◆ **WORK TO BE COMPLETED**: Starting from the line that contains "Return lines with", reproduce each line exactly through the end of the material, and include no other lines.

*** INFORMATION PROVIDED ***

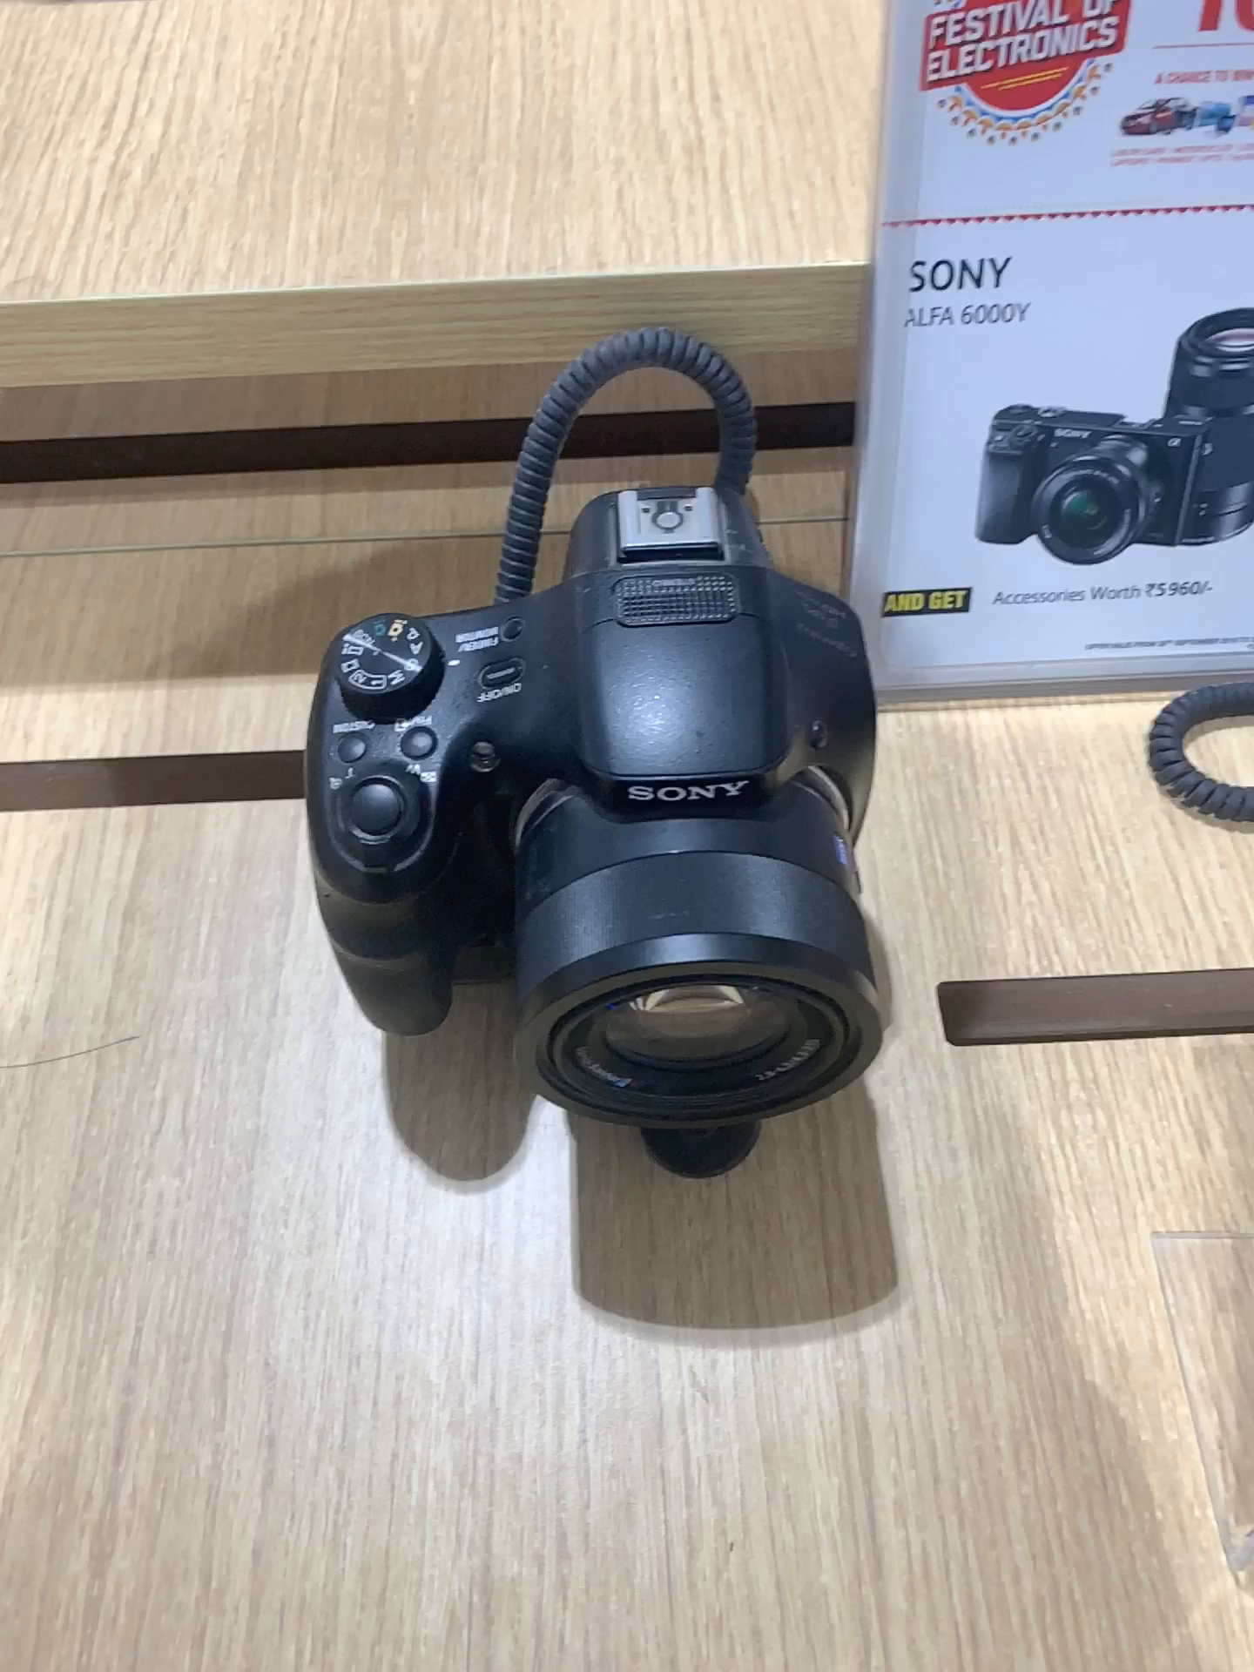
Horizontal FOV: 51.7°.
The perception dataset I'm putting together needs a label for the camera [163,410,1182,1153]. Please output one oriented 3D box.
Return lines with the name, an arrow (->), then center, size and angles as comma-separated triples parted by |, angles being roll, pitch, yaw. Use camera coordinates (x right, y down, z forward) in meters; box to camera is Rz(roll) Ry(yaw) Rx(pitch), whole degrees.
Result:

*** End of INFORMATION PROVIDED ***

◆ **ANSWER SECTION**:
Return lines with the name, an arrow (->), then center, size and angles as comma-separated triples parted by |, angles being roll, pitch, yaw. Use camera coordinates (x right, y down, z forward) in meters; box to camera is Rz(roll) Ry(yaw) Rx(pitch), whole degrees.
Result:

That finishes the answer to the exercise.